Peki burda sen yenilmiş oluyorsun o değil ki dedim.
O şuan sevgilimsin sanıyor.
Ne?
Ama ben sevgili olmadığımızı söylemiştim ona Kuzey
-Kuzey; Hazal bunun artık bir önemi yok gerçekten sizi kaybetmek istemiyorum Hazal gerçekten lütfen bana inan lütfen.
Kendimi kullanılmış gibi hissediyordum ki gerçekten öyleydi. Azra direk kolumdan tutup beni çekip çıkardı cafeden. İkimizde mal gibi ağlıyorduk bir taksiye binip hemen eve gittik. Azra da benimle bizim eve geldi. Odama koşarak çıkıp, iki kutu çikolata alıp kaşıklamaya başladık sinirden mi? Krizden mi? Şu an onu düşünmüyordum, düşünemezdim ya da olanları konuşup, tartışırken Kuzey beni 30 kez aramıştı sanırım ama en çok Azra'ya üzüldüm bari onun yanında anlatmasaydı ne umutla gelmişti, Canım arkadaşım.
-Azra; Hazal hâla inanmıyorum bu gerçek olamaz ne yaşadık kızım biz?
Ne bileyim ben yâ diyerek karşılık verdim.
Fena sarstı dedim sadece.
Telefonuma gelen mesajla hemen yönümü çevirip baktım. Kuzey'in attığı bilmem kaç tane mesajı Atlayıp Zorba yazan yere tıkladım zorba; demek öğrendin? Sen gittikten sonra sayende gözüme yumruk yedim:)
Ne? yumruk mu?
-Zorba; ne sandın ama Kuzey de az yemedi:)

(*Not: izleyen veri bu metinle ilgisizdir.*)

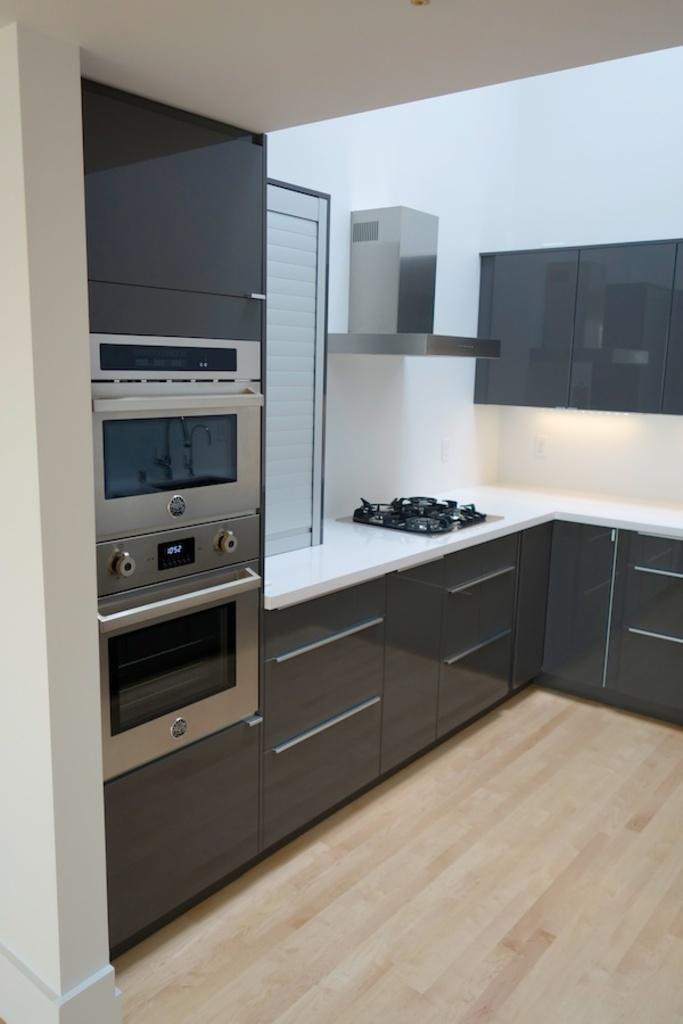What type of room is depicted in the image? The image is an inside picture of a room. What is the main feature of the room? There is a kitchen platform in the room. What cooking appliances are present in the room? There is a stove and an oven in the room. What is used for ventilation in the room? There is a chimney in the room for ventilation. What storage options are available in the room? There are cupboards in the room for storage. What type of flooring is present in the room? The flooring at the bottom of the image is wooden. What learning material is placed on the kitchen platform in the image? There is no learning material present on the kitchen platform in the image. Is there a lock on the oven in the image? The image does not show a lock on the oven. 
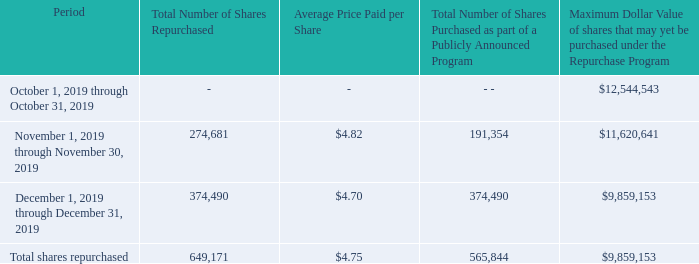Net Settlement of Equity Awards
The majority of restricted stock units are subject to vesting. The underlying shares of common stock are issued when the restricted stock units vest. The majority of participants choose to participate in a broker-assisted automatic sales program to satisfy their applicable tax withholding requirements. We do not treat the shares sold pursuant to this automatic sales program as common stock repurchases.
In the fourth quarter of 2019, we withheld 83,327 shares through net settlements (where the award holder receives the net of the shares vested, after surrendering a portion of the shares back to the Company for tax withholding) for restricted stock units that vested for some of our executive officers.
The following table provides a summary of the Company’s repurchase of common stock under the Repurchase Program and shares surrendered back to the Company for tax withholding on restricted stock units that vested under our equity incentive programs in the three months ended December 31, 2019:
What is the Maximum Dollar Value of shares that may yet be purchased under the Repurchase Program during October 1, 2019 through October 31, 2019 and during November 1, 2019 through November 30, 2019 respectively? 12,544,543, 11,620,641. What is the total number of shares repurchased for December 1, 2019 through December 31, 2019 and for November 1, 2019 through November 30, 2019 respectively? 374,490, 274,681. When are the underlying shares of common stock issued? When the restricted stock units vest. What is the total Maximum Dollar Value of shares that may yet be purchased under the Repurchase Program during October 1, 2019 through November 30, 2019? 12,544,543+11,620,641
Answer: 24165184. What is the percentage change in total Number of Shares Purchased as part of a Publicly Announced Program from November to December 2019?
Answer scale should be: percent. (374,490-191,354)/191,354
Answer: 0.96. From November 1 2019 to December 31 2019, how many months was the average price paid per share more than $4.72? November
Answer: 1. 
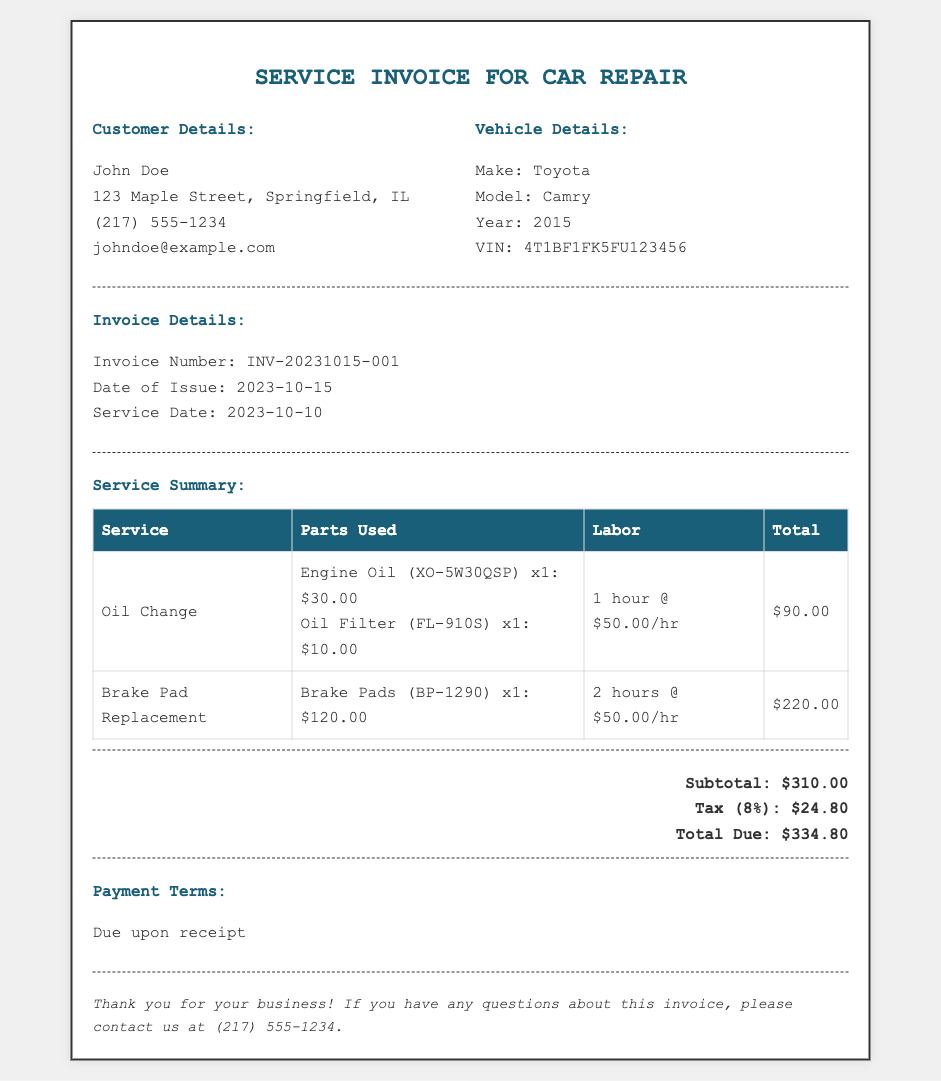What is the invoice number? The invoice number is listed under Invoice Details in the document, which is INV-20231015-001.
Answer: INV-20231015-001 Who is the customer? The customer's name is displayed in the Customer Details section of the document, which is John Doe.
Answer: John Doe What is the date of service? The date of service is provided under Invoice Details, which is 2023-10-10.
Answer: 2023-10-10 How many hours were billed for the Brake Pad Replacement? The labor hours for Brake Pad Replacement are shown in the Service Summary table, which states 2 hours.
Answer: 2 hours What is the subtotal amount? The subtotal is detailed in the total section of the invoice, which is $310.00.
Answer: $310.00 What parts were used for the Oil Change? The parts for the Oil Change are listed in the Service Summary table, which are Engine Oil (XO-5W30QSP) and Oil Filter (FL-910S).
Answer: Engine Oil (XO-5W30QSP) and Oil Filter (FL-910S) What is the total due after tax? The total due amount is stated at the end of the document, which includes the subtotal and tax, totaling $334.80.
Answer: $334.80 
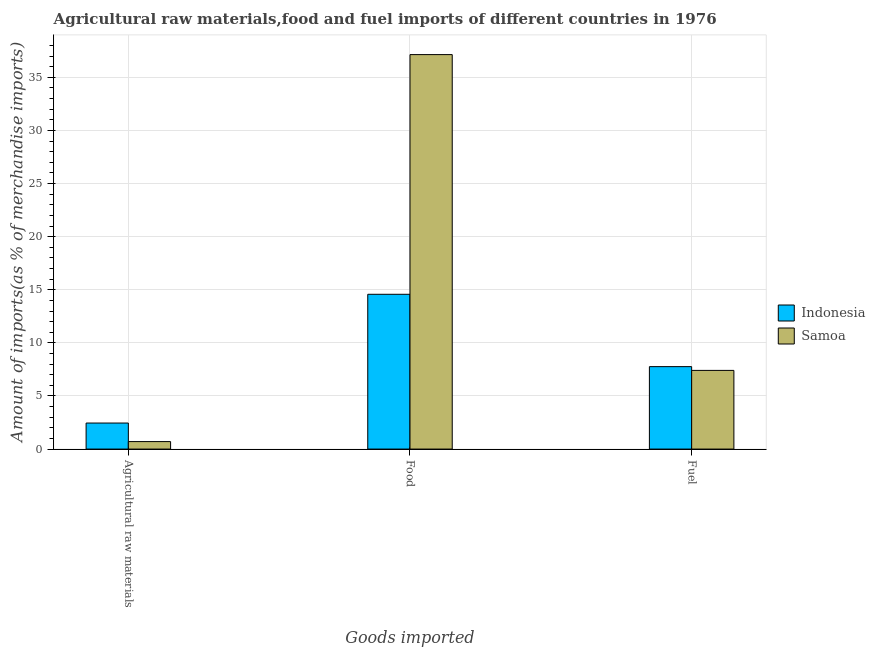How many different coloured bars are there?
Your response must be concise. 2. How many groups of bars are there?
Provide a short and direct response. 3. Are the number of bars per tick equal to the number of legend labels?
Make the answer very short. Yes. How many bars are there on the 2nd tick from the right?
Keep it short and to the point. 2. What is the label of the 2nd group of bars from the left?
Provide a short and direct response. Food. What is the percentage of fuel imports in Samoa?
Provide a short and direct response. 7.41. Across all countries, what is the maximum percentage of raw materials imports?
Provide a short and direct response. 2.45. Across all countries, what is the minimum percentage of fuel imports?
Your answer should be very brief. 7.41. In which country was the percentage of food imports maximum?
Offer a very short reply. Samoa. In which country was the percentage of fuel imports minimum?
Offer a very short reply. Samoa. What is the total percentage of fuel imports in the graph?
Give a very brief answer. 15.17. What is the difference between the percentage of raw materials imports in Samoa and that in Indonesia?
Your response must be concise. -1.75. What is the difference between the percentage of raw materials imports in Samoa and the percentage of fuel imports in Indonesia?
Offer a very short reply. -7.06. What is the average percentage of fuel imports per country?
Your response must be concise. 7.58. What is the difference between the percentage of food imports and percentage of fuel imports in Indonesia?
Make the answer very short. 6.81. What is the ratio of the percentage of food imports in Samoa to that in Indonesia?
Provide a short and direct response. 2.55. Is the percentage of raw materials imports in Indonesia less than that in Samoa?
Ensure brevity in your answer.  No. What is the difference between the highest and the second highest percentage of food imports?
Offer a terse response. 22.57. What is the difference between the highest and the lowest percentage of food imports?
Provide a short and direct response. 22.57. In how many countries, is the percentage of fuel imports greater than the average percentage of fuel imports taken over all countries?
Make the answer very short. 1. Is the sum of the percentage of food imports in Indonesia and Samoa greater than the maximum percentage of raw materials imports across all countries?
Your answer should be compact. Yes. What does the 2nd bar from the left in Fuel represents?
Your response must be concise. Samoa. What does the 1st bar from the right in Food represents?
Provide a short and direct response. Samoa. How many bars are there?
Give a very brief answer. 6. What is the difference between two consecutive major ticks on the Y-axis?
Make the answer very short. 5. Are the values on the major ticks of Y-axis written in scientific E-notation?
Offer a very short reply. No. Does the graph contain grids?
Provide a succinct answer. Yes. Where does the legend appear in the graph?
Your response must be concise. Center right. How many legend labels are there?
Keep it short and to the point. 2. How are the legend labels stacked?
Your answer should be compact. Vertical. What is the title of the graph?
Your response must be concise. Agricultural raw materials,food and fuel imports of different countries in 1976. What is the label or title of the X-axis?
Keep it short and to the point. Goods imported. What is the label or title of the Y-axis?
Your response must be concise. Amount of imports(as % of merchandise imports). What is the Amount of imports(as % of merchandise imports) in Indonesia in Agricultural raw materials?
Give a very brief answer. 2.45. What is the Amount of imports(as % of merchandise imports) of Samoa in Agricultural raw materials?
Keep it short and to the point. 0.7. What is the Amount of imports(as % of merchandise imports) of Indonesia in Food?
Offer a terse response. 14.57. What is the Amount of imports(as % of merchandise imports) in Samoa in Food?
Offer a terse response. 37.14. What is the Amount of imports(as % of merchandise imports) of Indonesia in Fuel?
Your answer should be compact. 7.76. What is the Amount of imports(as % of merchandise imports) of Samoa in Fuel?
Make the answer very short. 7.41. Across all Goods imported, what is the maximum Amount of imports(as % of merchandise imports) in Indonesia?
Make the answer very short. 14.57. Across all Goods imported, what is the maximum Amount of imports(as % of merchandise imports) of Samoa?
Make the answer very short. 37.14. Across all Goods imported, what is the minimum Amount of imports(as % of merchandise imports) of Indonesia?
Make the answer very short. 2.45. Across all Goods imported, what is the minimum Amount of imports(as % of merchandise imports) of Samoa?
Offer a terse response. 0.7. What is the total Amount of imports(as % of merchandise imports) of Indonesia in the graph?
Your answer should be very brief. 24.79. What is the total Amount of imports(as % of merchandise imports) in Samoa in the graph?
Your answer should be compact. 45.25. What is the difference between the Amount of imports(as % of merchandise imports) in Indonesia in Agricultural raw materials and that in Food?
Ensure brevity in your answer.  -12.12. What is the difference between the Amount of imports(as % of merchandise imports) in Samoa in Agricultural raw materials and that in Food?
Ensure brevity in your answer.  -36.44. What is the difference between the Amount of imports(as % of merchandise imports) in Indonesia in Agricultural raw materials and that in Fuel?
Provide a succinct answer. -5.31. What is the difference between the Amount of imports(as % of merchandise imports) in Samoa in Agricultural raw materials and that in Fuel?
Offer a terse response. -6.7. What is the difference between the Amount of imports(as % of merchandise imports) in Indonesia in Food and that in Fuel?
Your answer should be very brief. 6.81. What is the difference between the Amount of imports(as % of merchandise imports) in Samoa in Food and that in Fuel?
Your answer should be very brief. 29.73. What is the difference between the Amount of imports(as % of merchandise imports) of Indonesia in Agricultural raw materials and the Amount of imports(as % of merchandise imports) of Samoa in Food?
Keep it short and to the point. -34.69. What is the difference between the Amount of imports(as % of merchandise imports) of Indonesia in Agricultural raw materials and the Amount of imports(as % of merchandise imports) of Samoa in Fuel?
Ensure brevity in your answer.  -4.96. What is the difference between the Amount of imports(as % of merchandise imports) in Indonesia in Food and the Amount of imports(as % of merchandise imports) in Samoa in Fuel?
Offer a terse response. 7.17. What is the average Amount of imports(as % of merchandise imports) in Indonesia per Goods imported?
Provide a short and direct response. 8.26. What is the average Amount of imports(as % of merchandise imports) in Samoa per Goods imported?
Ensure brevity in your answer.  15.08. What is the difference between the Amount of imports(as % of merchandise imports) of Indonesia and Amount of imports(as % of merchandise imports) of Samoa in Agricultural raw materials?
Provide a succinct answer. 1.75. What is the difference between the Amount of imports(as % of merchandise imports) in Indonesia and Amount of imports(as % of merchandise imports) in Samoa in Food?
Your answer should be compact. -22.57. What is the difference between the Amount of imports(as % of merchandise imports) in Indonesia and Amount of imports(as % of merchandise imports) in Samoa in Fuel?
Offer a terse response. 0.36. What is the ratio of the Amount of imports(as % of merchandise imports) of Indonesia in Agricultural raw materials to that in Food?
Provide a succinct answer. 0.17. What is the ratio of the Amount of imports(as % of merchandise imports) of Samoa in Agricultural raw materials to that in Food?
Offer a very short reply. 0.02. What is the ratio of the Amount of imports(as % of merchandise imports) in Indonesia in Agricultural raw materials to that in Fuel?
Make the answer very short. 0.32. What is the ratio of the Amount of imports(as % of merchandise imports) in Samoa in Agricultural raw materials to that in Fuel?
Provide a succinct answer. 0.1. What is the ratio of the Amount of imports(as % of merchandise imports) in Indonesia in Food to that in Fuel?
Give a very brief answer. 1.88. What is the ratio of the Amount of imports(as % of merchandise imports) of Samoa in Food to that in Fuel?
Ensure brevity in your answer.  5.01. What is the difference between the highest and the second highest Amount of imports(as % of merchandise imports) in Indonesia?
Your answer should be very brief. 6.81. What is the difference between the highest and the second highest Amount of imports(as % of merchandise imports) of Samoa?
Your answer should be compact. 29.73. What is the difference between the highest and the lowest Amount of imports(as % of merchandise imports) of Indonesia?
Make the answer very short. 12.12. What is the difference between the highest and the lowest Amount of imports(as % of merchandise imports) of Samoa?
Ensure brevity in your answer.  36.44. 
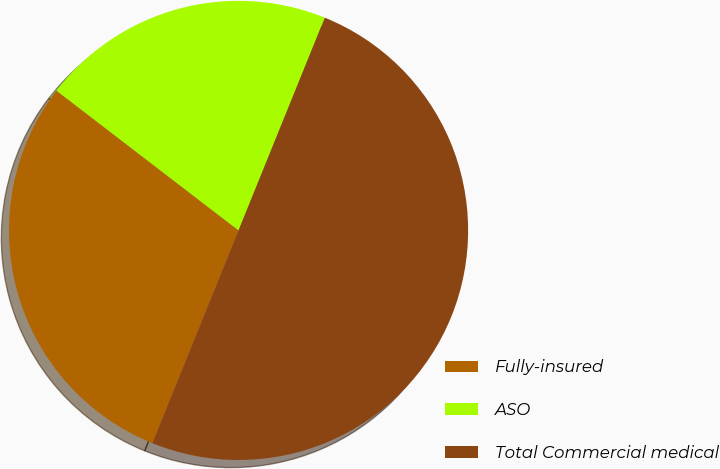Convert chart to OTSL. <chart><loc_0><loc_0><loc_500><loc_500><pie_chart><fcel>Fully-insured<fcel>ASO<fcel>Total Commercial medical<nl><fcel>29.29%<fcel>20.71%<fcel>50.0%<nl></chart>

İğrençsiniz sizden nefret ediyorum.
-Zorba; ben ne yaptım kızım?
Tanımayıp etmediğiniz kızın duygularıyla oynamaya kalktınız daha ne olsun? Ayıp be ayıp
-Zorba; lan ne diyorsun sen?
Kes be kes yazıp durma
-Zorba; o ahmak sana ne anlattı bilmiyorum. Ama ne anlattıysa belli uydurmuş
Ney?
-Zorba; yarın buluşalım
.
-Zorba; kabul olarak alıyorum bunu
Cevap vermedim gerçekten kafam allak bullak oldu yâni bize yalan mı söyledi? inanmak istemiyorum. Hayır istemiyorum yalan olamaz ona güvendik biz olmaz söylediği çok iğrenç ve kırıcıydı ama bunun dahi yalan olmasını istemiyorum.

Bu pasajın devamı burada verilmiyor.